▸ TASK DESCRIPTION
Would you please copy each line of the listing that mentions "zijn"?

▸ INPUT RECORDS
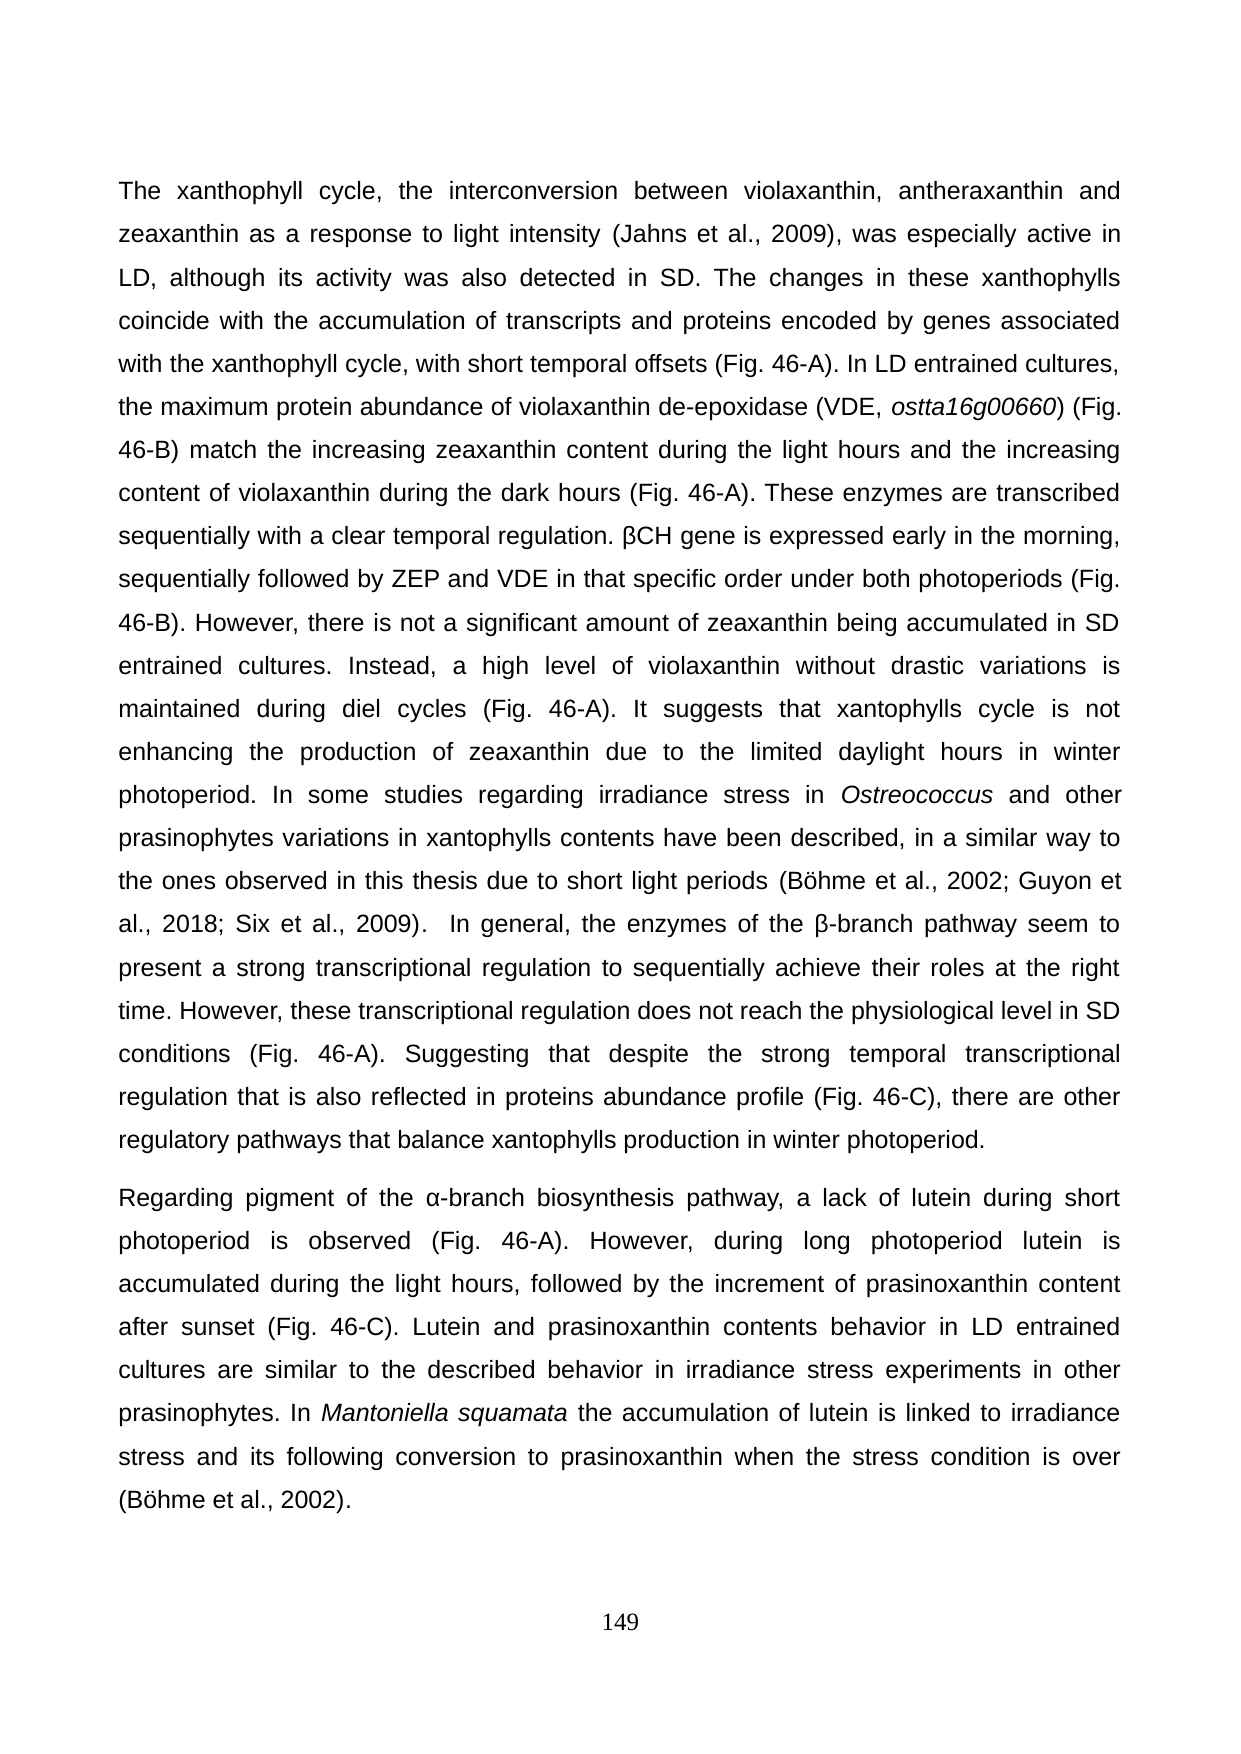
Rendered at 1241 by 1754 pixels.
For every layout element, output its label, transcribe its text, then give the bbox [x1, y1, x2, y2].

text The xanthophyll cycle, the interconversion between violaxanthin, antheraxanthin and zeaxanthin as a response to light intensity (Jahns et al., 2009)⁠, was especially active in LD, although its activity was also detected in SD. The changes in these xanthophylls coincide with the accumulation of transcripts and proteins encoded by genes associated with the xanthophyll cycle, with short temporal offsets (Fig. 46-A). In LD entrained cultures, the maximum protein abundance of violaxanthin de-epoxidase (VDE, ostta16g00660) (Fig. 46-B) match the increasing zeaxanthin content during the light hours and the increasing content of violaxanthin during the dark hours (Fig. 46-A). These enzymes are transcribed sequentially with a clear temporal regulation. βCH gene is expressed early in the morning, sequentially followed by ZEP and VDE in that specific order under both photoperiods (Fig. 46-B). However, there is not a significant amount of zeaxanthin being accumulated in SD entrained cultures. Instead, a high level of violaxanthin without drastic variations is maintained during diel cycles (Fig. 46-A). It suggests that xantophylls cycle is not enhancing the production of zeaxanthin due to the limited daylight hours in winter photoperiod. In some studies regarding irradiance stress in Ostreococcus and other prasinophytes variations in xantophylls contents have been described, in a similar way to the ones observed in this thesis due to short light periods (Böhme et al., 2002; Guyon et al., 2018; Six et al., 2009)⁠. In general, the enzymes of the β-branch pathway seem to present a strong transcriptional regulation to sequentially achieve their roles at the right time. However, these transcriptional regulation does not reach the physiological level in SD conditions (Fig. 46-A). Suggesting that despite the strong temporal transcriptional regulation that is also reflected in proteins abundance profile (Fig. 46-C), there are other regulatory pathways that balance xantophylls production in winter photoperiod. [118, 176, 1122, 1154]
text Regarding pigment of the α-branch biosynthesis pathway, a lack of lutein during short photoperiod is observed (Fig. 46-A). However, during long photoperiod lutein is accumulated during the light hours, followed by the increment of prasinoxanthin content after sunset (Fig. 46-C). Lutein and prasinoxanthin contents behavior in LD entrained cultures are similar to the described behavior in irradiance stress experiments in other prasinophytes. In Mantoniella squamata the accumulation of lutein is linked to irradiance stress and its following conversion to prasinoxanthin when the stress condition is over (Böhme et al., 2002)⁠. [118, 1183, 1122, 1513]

...

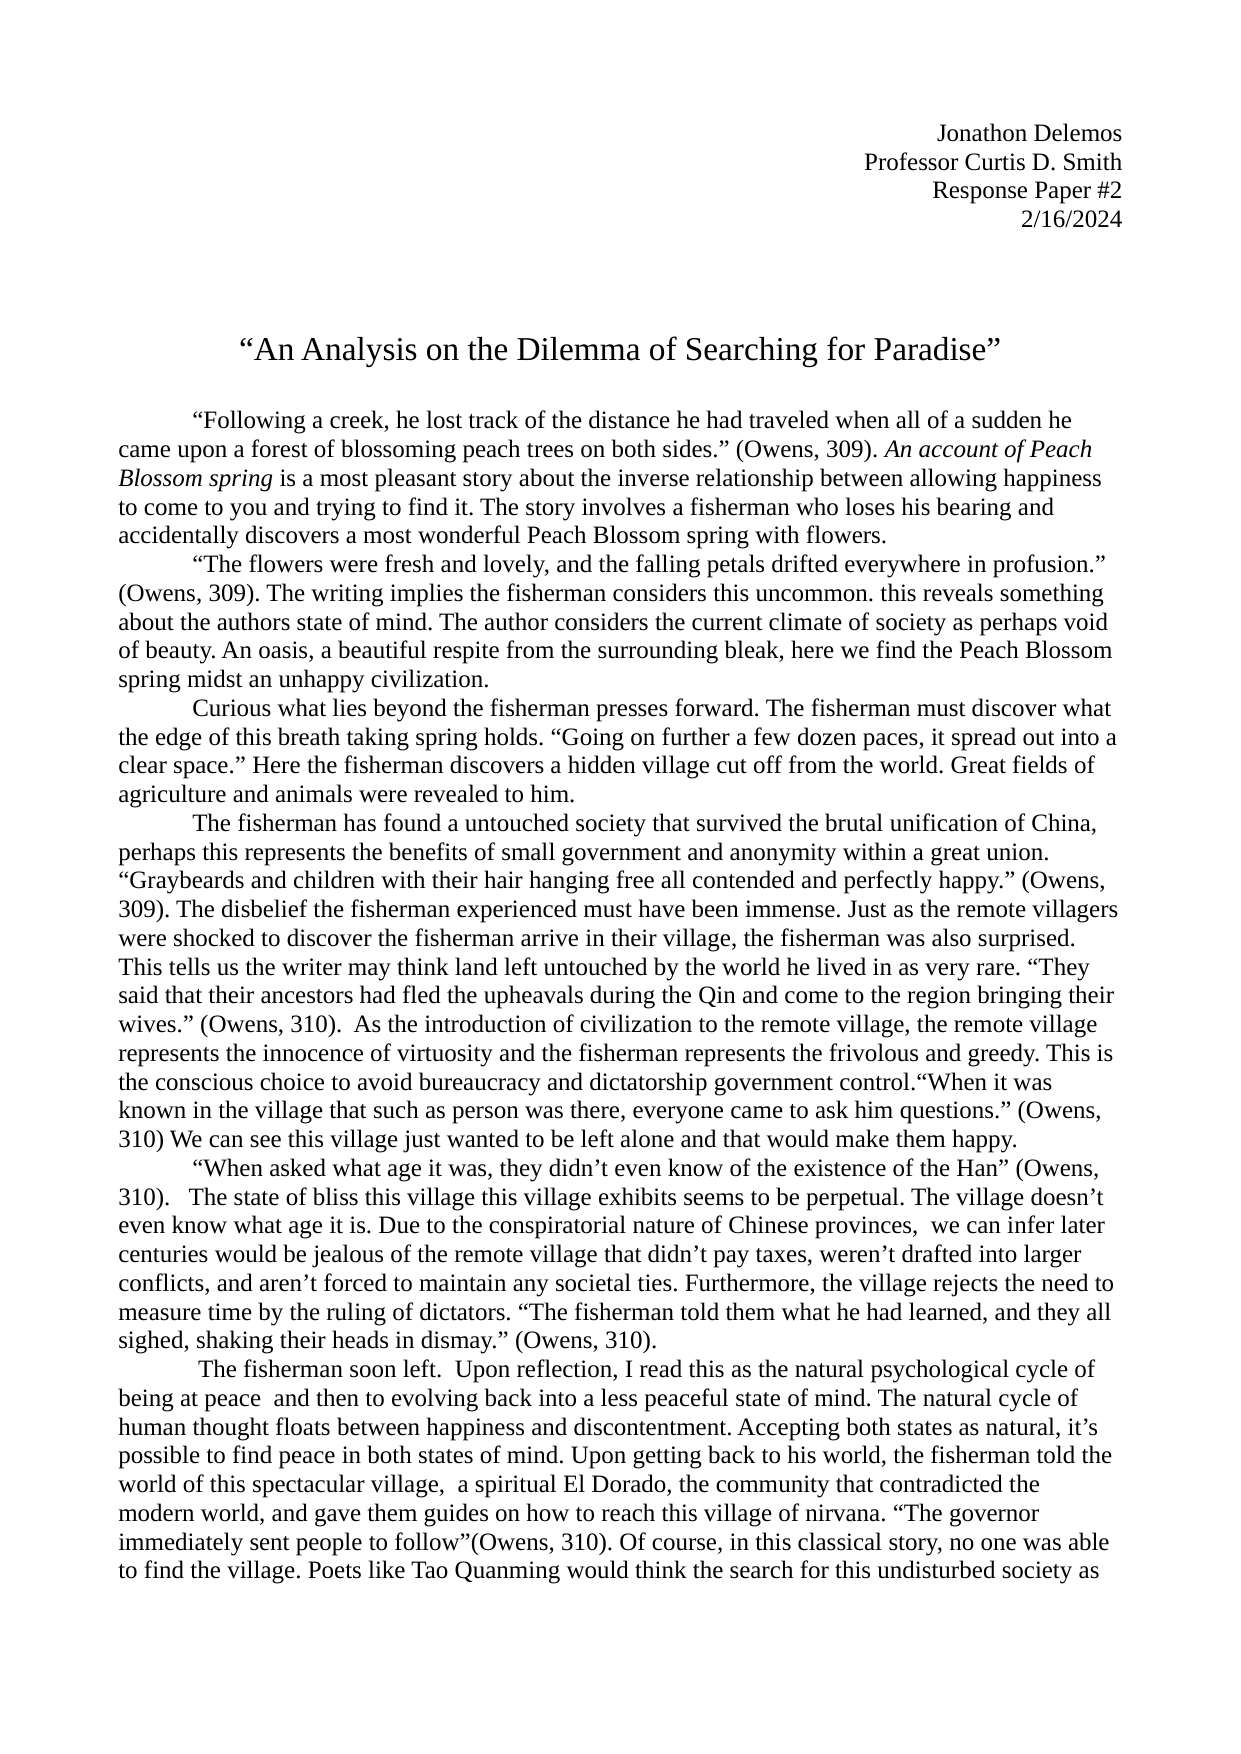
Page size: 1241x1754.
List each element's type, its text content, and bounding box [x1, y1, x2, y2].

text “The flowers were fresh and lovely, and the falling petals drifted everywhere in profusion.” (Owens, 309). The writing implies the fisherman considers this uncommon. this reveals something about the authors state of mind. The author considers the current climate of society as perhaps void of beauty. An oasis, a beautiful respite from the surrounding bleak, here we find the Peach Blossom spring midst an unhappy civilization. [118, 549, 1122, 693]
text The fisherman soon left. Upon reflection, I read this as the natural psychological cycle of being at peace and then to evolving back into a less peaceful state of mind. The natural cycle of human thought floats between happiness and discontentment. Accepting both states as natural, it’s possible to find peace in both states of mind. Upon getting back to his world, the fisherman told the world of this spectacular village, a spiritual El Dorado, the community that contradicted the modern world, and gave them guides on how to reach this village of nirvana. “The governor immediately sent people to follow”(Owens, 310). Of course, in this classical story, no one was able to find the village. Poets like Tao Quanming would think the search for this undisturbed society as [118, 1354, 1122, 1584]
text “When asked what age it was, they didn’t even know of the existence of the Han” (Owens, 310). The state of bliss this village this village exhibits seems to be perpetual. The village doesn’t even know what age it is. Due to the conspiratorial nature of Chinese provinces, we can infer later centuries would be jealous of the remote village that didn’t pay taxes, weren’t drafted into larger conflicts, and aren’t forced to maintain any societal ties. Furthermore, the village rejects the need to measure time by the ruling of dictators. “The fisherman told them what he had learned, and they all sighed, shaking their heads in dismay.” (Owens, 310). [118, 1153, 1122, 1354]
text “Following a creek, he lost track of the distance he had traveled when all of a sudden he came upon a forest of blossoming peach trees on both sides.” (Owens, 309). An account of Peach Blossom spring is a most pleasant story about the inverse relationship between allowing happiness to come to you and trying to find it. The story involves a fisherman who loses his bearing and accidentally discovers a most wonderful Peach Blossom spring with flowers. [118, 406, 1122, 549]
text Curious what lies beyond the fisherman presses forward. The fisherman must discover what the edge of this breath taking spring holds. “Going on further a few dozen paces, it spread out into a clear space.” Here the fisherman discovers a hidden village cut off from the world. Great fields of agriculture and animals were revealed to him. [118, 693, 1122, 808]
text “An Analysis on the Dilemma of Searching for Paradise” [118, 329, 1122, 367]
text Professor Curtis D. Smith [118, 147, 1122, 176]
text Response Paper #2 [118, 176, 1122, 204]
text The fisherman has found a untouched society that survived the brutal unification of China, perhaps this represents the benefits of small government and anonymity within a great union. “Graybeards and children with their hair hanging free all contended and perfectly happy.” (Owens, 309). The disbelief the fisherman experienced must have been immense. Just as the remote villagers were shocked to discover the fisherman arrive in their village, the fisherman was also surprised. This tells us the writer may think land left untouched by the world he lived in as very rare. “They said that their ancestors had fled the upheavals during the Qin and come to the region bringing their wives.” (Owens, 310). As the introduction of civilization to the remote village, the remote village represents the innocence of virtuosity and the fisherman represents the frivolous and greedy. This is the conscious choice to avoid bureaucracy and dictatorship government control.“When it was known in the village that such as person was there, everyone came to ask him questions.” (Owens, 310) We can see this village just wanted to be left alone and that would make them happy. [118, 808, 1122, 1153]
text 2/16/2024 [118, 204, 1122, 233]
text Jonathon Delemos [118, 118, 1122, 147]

---

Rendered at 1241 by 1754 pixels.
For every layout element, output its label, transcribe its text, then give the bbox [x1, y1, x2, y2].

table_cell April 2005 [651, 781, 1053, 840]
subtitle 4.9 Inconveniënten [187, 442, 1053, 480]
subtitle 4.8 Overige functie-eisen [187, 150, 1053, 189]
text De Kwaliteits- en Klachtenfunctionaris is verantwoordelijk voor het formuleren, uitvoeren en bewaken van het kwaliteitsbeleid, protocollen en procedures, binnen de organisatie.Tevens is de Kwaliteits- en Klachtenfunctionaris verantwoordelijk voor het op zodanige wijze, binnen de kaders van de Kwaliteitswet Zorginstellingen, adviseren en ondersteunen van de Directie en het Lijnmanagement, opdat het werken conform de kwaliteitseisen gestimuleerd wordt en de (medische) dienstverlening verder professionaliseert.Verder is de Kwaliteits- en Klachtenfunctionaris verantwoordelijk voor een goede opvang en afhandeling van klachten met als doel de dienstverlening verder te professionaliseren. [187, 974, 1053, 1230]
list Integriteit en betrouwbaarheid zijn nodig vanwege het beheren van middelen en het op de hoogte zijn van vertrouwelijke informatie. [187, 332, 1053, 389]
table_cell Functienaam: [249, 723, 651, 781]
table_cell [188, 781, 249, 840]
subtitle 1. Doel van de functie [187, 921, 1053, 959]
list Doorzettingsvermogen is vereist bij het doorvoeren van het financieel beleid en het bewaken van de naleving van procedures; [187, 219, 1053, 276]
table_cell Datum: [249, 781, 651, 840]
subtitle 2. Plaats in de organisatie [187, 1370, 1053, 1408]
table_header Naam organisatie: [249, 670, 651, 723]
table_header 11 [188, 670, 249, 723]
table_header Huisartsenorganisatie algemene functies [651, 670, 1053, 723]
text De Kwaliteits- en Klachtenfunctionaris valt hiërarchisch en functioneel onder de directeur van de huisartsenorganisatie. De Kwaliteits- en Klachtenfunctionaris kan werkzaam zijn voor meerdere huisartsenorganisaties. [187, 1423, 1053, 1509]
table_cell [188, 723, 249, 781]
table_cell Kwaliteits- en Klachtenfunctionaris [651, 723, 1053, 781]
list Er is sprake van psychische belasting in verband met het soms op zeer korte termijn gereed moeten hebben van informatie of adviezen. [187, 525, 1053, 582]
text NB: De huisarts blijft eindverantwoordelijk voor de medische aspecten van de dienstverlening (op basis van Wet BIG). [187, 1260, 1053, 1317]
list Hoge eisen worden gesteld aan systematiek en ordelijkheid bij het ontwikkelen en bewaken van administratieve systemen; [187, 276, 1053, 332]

▸ RESPONSE TO THE TASK
list Integriteit en betrouwbaarheid zijn nodig vanwege het beheren van middelen en het op de hoogte zijn van vertrouwelijke informatie. [187, 332, 1053, 389]
text De Kwaliteits- en Klachtenfunctionaris valt hiërarchisch en functioneel onder de directeur van de huisartsenorganisatie. De Kwaliteits- en Klachtenfunctionaris kan werkzaam zijn voor meerdere huisartsenorganisaties. [187, 1423, 1053, 1509]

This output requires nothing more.